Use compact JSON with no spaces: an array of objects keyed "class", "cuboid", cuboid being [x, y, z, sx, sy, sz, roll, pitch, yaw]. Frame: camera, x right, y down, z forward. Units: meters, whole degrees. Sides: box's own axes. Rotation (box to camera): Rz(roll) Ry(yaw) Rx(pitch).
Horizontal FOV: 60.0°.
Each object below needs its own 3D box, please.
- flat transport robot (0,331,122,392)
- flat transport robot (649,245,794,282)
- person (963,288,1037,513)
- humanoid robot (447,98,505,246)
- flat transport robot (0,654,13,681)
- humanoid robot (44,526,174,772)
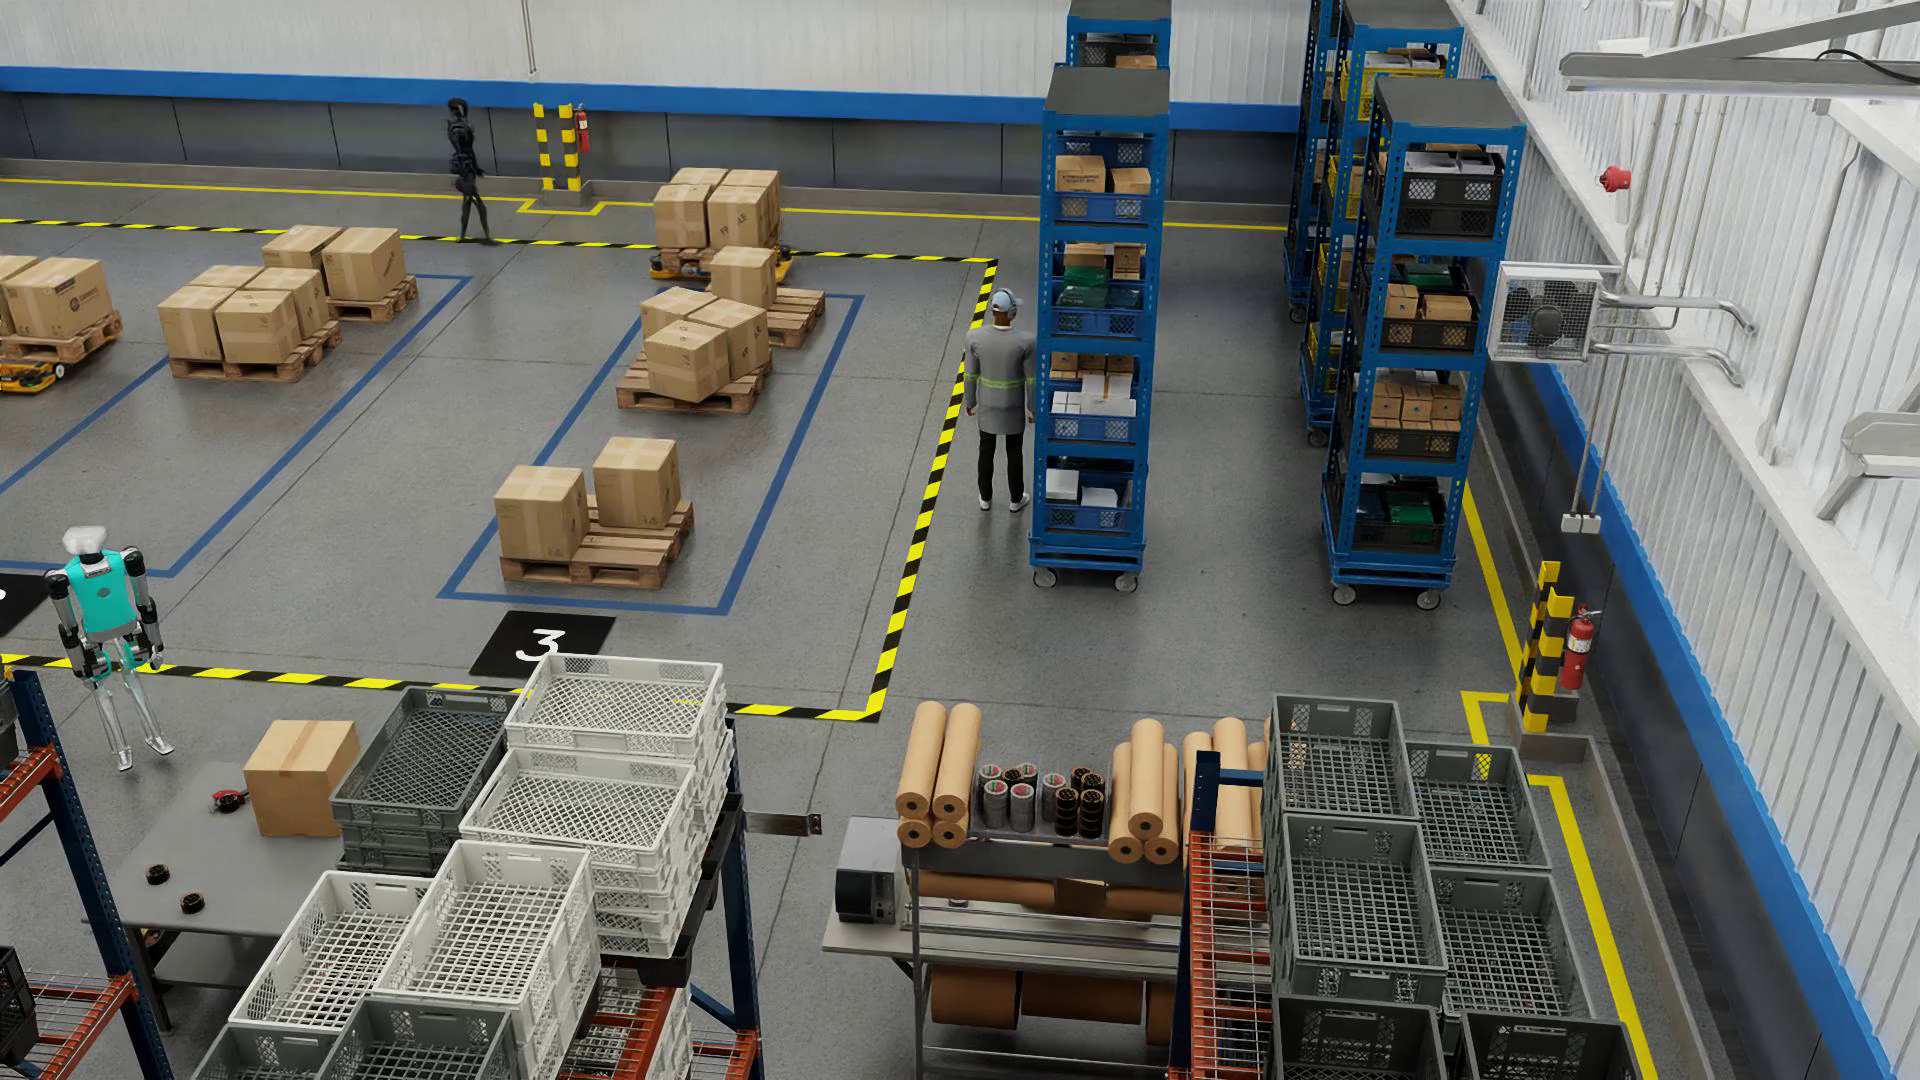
[{"class":"flat transport robot","cuboid":[-8.634,-1.787,15.716,0.652,0.197,1.431,3,30,6]},{"class":"flat transport robot","cuboid":[-2.547,-2.985,17.773,1.431,0.197,0.652,3,30,6]},{"class":"person","cuboid":[0.331,-1.088,12.969,0.596,1.849,0.386,5,31,9]},{"class":"humanoid robot","cuboid":[-5.359,-4.035,18.214,0.583,1.641,0.596,-2,30,-3]},{"class":"flat transport robot","cuboid":[-7.142,0.969,11.010,1.431,0.231,0.659,3,30,6]},{"class":"humanoid robot","cuboid":[-5.162,0.583,10.079,0.533,1.677,0.735,-22,37,-32]}]

──────────────────────────────

Reproduce the lines above exactly, please, but not the pictures in them.

Task solution —
Use compact JSON with no spaces: an array of objects keyed "class", "cuboid", cuboid being [x, y, z, sx, sy, sz, roll, pitch, yaw]. Frame: camera, x right, y down, z forward. Units: meters, whole degrees. Sides: box's own axes. Rotation (box to camera): Rz(roll) Ry(yaw) Rx(pitch).
Horizontal FOV: 60.0°.
Each object below needs its own 3D box, please.
- flat transport robot (0,331,122,392)
- flat transport robot (649,245,794,282)
- person (963,288,1037,513)
- humanoid robot (447,98,505,246)
- flat transport robot (0,654,13,681)
- humanoid robot (44,526,174,772)
[{"class":"flat transport robot","cuboid":[-8.634,-1.787,15.716,0.652,0.197,1.431,3,30,6]},{"class":"flat transport robot","cuboid":[-2.547,-2.985,17.773,1.431,0.197,0.652,3,30,6]},{"class":"person","cuboid":[0.331,-1.088,12.969,0.596,1.849,0.386,5,31,9]},{"class":"humanoid robot","cuboid":[-5.359,-4.035,18.214,0.583,1.641,0.596,-2,30,-3]},{"class":"flat transport robot","cuboid":[-7.142,0.969,11.010,1.431,0.231,0.659,3,30,6]},{"class":"humanoid robot","cuboid":[-5.162,0.583,10.079,0.533,1.677,0.735,-22,37,-32]}]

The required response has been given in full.